Start of Block
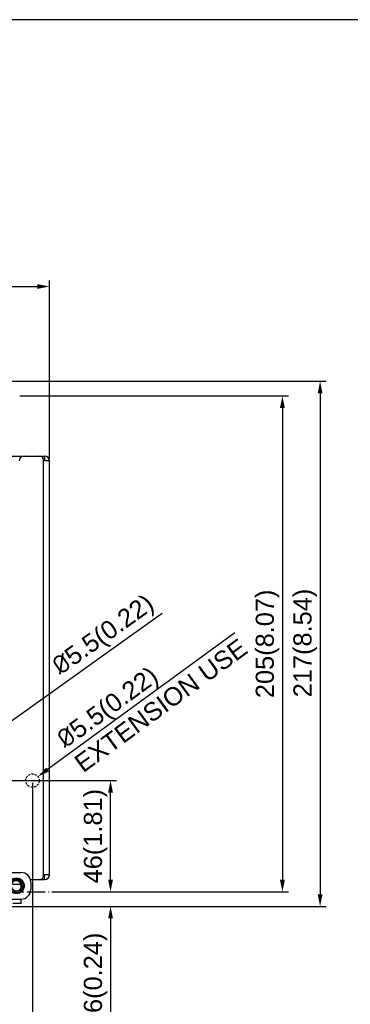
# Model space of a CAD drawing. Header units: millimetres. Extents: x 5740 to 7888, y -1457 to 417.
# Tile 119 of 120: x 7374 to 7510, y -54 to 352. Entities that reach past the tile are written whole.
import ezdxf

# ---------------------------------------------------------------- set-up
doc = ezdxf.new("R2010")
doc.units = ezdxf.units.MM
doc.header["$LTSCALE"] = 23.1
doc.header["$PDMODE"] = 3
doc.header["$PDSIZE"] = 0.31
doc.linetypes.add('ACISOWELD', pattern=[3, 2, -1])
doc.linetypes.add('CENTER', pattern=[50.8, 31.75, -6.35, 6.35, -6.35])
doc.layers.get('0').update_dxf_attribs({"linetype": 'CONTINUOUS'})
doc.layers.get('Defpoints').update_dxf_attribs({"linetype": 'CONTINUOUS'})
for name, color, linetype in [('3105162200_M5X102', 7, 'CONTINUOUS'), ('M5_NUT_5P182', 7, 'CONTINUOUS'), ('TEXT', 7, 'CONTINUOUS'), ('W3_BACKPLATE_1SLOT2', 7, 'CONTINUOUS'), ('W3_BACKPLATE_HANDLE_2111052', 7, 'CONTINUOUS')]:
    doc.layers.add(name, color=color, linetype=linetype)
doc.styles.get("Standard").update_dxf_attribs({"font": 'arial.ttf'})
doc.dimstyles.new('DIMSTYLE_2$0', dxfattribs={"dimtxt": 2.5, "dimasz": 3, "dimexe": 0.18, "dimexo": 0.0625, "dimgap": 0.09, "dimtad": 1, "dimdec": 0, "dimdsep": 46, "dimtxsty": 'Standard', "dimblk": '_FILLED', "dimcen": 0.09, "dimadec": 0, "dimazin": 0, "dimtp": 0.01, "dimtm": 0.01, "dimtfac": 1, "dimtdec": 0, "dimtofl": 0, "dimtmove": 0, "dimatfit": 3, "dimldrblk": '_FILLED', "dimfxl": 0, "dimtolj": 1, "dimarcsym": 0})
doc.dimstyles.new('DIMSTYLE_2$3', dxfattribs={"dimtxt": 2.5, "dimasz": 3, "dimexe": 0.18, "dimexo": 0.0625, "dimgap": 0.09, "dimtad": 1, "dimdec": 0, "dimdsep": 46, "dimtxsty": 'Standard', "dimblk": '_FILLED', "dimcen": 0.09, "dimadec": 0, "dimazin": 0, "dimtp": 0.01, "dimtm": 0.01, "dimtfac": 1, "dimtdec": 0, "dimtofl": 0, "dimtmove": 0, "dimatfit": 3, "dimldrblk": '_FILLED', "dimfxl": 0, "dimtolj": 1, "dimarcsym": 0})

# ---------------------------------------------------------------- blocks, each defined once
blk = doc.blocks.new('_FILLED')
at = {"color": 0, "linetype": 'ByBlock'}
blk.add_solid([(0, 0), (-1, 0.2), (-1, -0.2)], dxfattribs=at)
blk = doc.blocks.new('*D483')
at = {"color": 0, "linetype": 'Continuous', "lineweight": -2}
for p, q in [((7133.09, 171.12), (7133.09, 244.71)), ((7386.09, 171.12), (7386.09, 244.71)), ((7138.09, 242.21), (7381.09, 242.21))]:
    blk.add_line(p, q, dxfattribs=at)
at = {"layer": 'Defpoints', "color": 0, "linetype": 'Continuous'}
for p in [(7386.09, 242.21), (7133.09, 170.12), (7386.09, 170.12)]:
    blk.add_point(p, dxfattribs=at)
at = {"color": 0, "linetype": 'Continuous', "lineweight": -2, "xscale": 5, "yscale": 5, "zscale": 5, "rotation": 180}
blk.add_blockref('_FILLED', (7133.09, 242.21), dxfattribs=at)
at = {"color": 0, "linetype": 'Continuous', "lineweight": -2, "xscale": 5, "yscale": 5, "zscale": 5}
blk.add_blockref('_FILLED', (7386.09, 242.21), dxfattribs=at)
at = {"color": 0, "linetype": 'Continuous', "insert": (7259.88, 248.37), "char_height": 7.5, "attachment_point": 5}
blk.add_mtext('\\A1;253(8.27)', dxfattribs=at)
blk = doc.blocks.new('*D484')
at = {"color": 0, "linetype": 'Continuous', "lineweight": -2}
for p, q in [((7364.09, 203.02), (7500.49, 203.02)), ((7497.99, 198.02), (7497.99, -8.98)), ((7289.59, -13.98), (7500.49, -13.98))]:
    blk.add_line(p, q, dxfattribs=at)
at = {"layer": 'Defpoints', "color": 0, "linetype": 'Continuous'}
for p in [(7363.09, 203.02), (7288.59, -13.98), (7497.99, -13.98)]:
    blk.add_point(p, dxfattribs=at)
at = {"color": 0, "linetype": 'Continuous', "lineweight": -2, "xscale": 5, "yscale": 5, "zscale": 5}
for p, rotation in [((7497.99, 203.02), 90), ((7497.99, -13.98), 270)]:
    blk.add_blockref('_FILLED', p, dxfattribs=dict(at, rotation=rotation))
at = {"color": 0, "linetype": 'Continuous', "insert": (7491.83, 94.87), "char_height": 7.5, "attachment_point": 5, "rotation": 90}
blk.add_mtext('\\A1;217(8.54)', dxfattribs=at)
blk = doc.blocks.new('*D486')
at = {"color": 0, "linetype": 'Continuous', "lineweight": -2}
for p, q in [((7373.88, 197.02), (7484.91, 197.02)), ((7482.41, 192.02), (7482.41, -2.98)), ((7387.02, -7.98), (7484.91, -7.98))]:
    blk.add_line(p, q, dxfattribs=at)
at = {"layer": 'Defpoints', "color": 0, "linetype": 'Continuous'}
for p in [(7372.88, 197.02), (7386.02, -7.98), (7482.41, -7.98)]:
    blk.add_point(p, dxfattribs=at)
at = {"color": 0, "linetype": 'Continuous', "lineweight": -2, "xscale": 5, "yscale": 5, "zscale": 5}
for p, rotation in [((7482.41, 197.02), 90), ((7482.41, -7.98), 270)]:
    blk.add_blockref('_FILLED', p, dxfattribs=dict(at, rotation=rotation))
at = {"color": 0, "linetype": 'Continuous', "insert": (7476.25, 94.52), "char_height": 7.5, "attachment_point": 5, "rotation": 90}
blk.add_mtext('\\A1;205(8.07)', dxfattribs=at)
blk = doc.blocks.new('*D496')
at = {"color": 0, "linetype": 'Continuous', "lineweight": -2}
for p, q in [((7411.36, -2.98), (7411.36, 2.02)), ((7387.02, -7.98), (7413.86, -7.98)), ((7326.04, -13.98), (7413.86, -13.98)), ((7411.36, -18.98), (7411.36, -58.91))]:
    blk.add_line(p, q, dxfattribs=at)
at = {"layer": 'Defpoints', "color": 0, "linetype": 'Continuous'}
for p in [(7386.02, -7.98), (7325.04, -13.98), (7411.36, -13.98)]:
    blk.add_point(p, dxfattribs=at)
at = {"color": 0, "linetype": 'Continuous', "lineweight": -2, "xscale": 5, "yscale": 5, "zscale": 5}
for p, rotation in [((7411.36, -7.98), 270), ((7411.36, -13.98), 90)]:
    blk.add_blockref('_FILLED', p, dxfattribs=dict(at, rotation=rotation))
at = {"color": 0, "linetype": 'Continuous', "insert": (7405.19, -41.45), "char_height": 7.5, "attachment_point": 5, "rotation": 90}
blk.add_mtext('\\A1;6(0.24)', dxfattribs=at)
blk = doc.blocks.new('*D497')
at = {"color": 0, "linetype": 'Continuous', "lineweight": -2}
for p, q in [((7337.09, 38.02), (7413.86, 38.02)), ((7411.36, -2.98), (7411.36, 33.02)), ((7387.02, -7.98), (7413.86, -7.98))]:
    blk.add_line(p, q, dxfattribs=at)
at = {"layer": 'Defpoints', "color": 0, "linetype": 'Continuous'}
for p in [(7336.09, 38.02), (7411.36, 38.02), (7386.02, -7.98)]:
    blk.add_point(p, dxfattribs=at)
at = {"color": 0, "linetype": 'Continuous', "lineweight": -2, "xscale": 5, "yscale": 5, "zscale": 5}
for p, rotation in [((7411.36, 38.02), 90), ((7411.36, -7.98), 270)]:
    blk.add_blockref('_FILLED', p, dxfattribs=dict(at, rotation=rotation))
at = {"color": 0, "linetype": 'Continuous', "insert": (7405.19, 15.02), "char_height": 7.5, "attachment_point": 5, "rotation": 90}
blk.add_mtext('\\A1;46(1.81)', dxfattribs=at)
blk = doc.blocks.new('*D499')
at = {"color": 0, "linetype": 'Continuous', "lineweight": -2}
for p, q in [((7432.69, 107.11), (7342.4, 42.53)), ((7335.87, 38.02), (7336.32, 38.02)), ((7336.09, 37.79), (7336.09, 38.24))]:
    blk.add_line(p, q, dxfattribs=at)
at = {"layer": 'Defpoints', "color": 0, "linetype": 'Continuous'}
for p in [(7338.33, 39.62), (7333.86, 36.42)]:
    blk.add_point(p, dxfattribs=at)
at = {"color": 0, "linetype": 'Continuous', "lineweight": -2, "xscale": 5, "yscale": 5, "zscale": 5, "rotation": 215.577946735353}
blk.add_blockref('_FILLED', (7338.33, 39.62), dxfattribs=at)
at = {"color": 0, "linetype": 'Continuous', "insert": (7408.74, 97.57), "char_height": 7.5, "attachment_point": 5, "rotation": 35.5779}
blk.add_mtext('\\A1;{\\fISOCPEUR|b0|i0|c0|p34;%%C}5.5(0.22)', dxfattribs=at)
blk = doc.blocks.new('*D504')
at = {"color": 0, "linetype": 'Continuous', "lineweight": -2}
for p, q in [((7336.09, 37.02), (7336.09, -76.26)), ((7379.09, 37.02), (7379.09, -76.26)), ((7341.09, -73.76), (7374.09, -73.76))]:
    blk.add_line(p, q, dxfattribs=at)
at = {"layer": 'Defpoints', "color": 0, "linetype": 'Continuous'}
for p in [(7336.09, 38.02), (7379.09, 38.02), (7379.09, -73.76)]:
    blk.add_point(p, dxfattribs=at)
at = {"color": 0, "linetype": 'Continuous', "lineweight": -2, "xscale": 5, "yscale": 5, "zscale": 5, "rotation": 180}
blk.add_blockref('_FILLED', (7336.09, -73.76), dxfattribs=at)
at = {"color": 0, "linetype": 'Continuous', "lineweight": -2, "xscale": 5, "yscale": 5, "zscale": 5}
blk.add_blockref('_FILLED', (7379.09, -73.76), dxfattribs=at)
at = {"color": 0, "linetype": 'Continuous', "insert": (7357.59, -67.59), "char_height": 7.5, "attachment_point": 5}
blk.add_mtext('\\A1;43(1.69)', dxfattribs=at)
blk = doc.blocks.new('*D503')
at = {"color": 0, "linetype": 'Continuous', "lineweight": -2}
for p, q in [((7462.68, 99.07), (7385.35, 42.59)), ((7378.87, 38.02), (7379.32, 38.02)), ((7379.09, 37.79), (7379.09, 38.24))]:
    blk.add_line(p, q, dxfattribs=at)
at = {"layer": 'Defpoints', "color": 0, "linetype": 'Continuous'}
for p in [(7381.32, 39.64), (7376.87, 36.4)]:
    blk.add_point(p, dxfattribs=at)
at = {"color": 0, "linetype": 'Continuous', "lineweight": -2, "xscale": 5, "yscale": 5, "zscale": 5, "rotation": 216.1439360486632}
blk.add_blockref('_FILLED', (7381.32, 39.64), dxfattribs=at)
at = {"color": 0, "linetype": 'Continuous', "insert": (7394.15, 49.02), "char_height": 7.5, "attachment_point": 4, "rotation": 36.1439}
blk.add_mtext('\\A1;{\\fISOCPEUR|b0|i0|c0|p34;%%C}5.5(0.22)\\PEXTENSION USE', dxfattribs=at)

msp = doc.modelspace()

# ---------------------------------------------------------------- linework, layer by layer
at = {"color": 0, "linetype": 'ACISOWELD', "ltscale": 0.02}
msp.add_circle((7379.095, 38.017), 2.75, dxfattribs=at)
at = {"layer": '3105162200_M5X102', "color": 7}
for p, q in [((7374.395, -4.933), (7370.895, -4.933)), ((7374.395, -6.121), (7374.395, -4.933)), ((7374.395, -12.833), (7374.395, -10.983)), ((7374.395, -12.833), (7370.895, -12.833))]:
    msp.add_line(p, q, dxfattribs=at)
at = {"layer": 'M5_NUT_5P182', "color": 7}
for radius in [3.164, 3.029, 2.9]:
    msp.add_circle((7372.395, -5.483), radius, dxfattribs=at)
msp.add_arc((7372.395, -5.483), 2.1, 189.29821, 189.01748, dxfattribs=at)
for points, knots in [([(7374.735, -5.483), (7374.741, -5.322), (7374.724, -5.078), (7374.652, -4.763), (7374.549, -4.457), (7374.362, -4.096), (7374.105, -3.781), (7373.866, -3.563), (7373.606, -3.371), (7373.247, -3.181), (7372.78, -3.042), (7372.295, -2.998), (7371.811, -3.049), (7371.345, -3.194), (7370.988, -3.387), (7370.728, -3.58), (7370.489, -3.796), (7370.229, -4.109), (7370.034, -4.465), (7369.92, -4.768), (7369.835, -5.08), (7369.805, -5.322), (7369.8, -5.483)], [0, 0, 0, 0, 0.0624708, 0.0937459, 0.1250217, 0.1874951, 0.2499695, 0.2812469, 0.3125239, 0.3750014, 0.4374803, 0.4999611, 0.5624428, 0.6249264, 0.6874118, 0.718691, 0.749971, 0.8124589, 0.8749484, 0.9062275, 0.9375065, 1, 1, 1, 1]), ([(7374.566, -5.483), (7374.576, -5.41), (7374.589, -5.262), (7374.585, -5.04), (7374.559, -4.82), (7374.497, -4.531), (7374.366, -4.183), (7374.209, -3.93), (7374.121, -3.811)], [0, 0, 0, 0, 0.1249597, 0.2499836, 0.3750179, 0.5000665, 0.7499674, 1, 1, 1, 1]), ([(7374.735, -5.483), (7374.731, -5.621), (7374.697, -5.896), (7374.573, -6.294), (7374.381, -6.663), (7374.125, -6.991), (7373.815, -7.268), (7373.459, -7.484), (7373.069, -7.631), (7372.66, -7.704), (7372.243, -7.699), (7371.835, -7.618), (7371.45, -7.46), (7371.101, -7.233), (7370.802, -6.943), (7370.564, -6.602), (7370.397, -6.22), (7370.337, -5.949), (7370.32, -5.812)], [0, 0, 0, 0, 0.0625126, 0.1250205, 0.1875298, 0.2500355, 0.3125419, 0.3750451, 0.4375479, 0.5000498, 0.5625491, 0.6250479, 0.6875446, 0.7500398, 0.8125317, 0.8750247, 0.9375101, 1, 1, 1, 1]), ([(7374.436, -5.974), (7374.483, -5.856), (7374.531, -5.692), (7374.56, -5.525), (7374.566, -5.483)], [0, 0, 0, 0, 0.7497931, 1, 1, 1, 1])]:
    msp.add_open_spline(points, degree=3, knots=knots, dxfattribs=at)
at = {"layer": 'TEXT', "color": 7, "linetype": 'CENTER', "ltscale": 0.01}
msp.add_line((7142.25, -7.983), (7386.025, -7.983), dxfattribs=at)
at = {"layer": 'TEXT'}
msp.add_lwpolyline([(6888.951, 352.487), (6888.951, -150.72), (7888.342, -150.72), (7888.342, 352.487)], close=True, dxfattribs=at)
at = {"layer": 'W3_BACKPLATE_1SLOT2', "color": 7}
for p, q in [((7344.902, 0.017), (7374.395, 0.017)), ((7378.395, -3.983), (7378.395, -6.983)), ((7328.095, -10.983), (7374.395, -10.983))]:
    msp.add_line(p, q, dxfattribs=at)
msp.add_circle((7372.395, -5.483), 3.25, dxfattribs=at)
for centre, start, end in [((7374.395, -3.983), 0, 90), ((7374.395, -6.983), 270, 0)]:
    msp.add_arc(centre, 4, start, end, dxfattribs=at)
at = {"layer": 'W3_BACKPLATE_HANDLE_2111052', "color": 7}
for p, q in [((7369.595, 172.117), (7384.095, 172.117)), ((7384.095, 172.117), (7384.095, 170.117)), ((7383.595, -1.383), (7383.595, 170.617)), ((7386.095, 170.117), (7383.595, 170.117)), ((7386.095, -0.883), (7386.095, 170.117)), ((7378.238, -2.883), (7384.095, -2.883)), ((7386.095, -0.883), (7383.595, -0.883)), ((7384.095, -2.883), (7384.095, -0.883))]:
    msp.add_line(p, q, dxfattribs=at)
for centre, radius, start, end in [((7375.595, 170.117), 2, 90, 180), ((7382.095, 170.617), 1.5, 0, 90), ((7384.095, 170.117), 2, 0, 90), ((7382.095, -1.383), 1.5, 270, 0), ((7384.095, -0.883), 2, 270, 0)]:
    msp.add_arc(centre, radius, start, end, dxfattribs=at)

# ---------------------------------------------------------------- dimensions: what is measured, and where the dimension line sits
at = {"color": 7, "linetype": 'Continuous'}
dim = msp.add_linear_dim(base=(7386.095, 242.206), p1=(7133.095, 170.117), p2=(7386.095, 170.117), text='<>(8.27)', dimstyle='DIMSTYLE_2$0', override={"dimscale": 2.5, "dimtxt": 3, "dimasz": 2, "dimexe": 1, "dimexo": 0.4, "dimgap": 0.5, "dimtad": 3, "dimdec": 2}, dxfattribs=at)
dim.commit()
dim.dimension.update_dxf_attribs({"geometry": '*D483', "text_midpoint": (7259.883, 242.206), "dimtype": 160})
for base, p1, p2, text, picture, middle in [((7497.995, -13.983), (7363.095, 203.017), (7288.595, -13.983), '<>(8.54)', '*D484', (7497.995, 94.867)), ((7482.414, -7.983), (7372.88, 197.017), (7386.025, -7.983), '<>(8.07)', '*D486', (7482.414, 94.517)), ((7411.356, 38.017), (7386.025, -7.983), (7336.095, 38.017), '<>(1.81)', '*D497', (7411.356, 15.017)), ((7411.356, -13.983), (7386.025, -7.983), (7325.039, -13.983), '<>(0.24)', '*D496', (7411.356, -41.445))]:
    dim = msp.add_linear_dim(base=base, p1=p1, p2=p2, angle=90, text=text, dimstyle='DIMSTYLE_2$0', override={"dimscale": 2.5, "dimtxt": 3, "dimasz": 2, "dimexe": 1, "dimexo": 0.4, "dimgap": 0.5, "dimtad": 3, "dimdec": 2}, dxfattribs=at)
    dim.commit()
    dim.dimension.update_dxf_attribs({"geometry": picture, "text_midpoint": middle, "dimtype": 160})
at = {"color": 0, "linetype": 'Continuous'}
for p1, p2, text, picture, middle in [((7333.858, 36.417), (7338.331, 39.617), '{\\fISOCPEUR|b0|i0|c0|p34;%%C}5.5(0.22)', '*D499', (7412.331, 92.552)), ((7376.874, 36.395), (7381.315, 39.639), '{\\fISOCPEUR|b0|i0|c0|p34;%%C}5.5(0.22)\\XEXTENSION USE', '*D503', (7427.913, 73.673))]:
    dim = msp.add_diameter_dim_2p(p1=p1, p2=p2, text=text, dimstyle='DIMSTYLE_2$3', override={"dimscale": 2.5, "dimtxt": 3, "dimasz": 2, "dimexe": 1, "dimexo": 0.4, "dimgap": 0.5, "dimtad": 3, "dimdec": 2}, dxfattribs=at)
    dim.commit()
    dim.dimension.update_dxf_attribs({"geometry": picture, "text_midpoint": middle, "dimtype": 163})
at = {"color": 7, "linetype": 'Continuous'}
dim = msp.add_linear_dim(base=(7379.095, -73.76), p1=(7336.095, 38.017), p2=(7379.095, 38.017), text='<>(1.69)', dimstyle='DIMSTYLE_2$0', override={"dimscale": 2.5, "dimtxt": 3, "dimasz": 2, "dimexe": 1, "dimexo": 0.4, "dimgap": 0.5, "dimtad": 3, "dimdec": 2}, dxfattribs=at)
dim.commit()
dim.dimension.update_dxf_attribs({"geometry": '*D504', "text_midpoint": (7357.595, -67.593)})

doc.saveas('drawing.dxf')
End of Block
*YOUR INSTRUCTIONS*
Find every line above that contains the word "dimtp", and return each one.

*ANSWER BOX*
doc.dimstyles.new('DIMSTYLE_2$0', dxfattribs={"dimtxt": 2.5, "dimasz": 3, "dimexe": 0.18, "dimexo": 0.0625, "dimgap": 0.09, "dimtad": 1, "dimdec": 0, "dimdsep": 46, "dimtxsty": 'Standard', "dimblk": '_FILLED', "dimcen": 0.09, "dimadec": 0, "dimazin": 0, "dimtp": 0.01, "dimtm": 0.01, "dimtfac": 1, "dimtdec": 0, "dimtofl": 0, "dimtmove": 0, "dimatfit": 3, "dimldrblk": '_FILLED', "dimfxl": 0, "dimtolj": 1, "dimarcsym": 0})
doc.dimstyles.new('DIMSTYLE_2$3', dxfattribs={"dimtxt": 2.5, "dimasz": 3, "dimexe": 0.18, "dimexo": 0.0625, "dimgap": 0.09, "dimtad": 1, "dimdec": 0, "dimdsep": 46, "dimtxsty": 'Standard', "dimblk": '_FILLED', "dimcen": 0.09, "dimadec": 0, "dimazin": 0, "dimtp": 0.01, "dimtm": 0.01, "dimtfac": 1, "dimtdec": 0, "dimtofl": 0, "dimtmove": 0, "dimatfit": 3, "dimldrblk": '_FILLED', "dimfxl": 0, "dimtolj": 1, "dimarcsym": 0})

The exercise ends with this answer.